(Source data)
*** Block opens ***

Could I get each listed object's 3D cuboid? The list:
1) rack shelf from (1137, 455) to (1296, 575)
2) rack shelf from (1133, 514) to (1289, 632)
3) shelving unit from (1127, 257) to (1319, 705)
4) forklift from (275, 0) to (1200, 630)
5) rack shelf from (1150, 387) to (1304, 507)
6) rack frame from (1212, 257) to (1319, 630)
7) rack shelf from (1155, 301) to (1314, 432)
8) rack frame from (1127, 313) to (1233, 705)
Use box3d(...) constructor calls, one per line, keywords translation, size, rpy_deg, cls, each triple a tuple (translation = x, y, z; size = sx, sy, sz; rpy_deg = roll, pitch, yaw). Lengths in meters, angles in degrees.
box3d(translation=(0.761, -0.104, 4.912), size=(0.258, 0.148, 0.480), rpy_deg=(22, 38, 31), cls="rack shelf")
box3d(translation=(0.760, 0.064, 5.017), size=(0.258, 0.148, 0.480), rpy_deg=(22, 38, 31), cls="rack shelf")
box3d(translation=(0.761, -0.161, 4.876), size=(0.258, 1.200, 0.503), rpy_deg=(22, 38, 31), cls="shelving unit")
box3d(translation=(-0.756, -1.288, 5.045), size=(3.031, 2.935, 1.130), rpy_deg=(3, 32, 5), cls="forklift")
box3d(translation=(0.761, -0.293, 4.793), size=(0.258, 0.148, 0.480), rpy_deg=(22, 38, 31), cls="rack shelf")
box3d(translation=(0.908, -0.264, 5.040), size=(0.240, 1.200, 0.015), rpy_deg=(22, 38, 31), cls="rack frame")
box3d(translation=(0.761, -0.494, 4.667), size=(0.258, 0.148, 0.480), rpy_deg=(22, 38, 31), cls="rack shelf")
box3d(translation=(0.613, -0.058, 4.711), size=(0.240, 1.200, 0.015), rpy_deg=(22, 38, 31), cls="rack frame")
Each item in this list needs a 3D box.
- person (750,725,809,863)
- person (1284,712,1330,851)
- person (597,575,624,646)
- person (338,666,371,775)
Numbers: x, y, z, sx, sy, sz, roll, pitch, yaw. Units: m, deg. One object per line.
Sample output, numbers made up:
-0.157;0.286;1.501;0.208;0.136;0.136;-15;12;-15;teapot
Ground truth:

*** Block closes ***

▸ **To do**
Establish how many lines of the records contain the string "from" and state that number without elaboration.

▸ **Response to the task**
8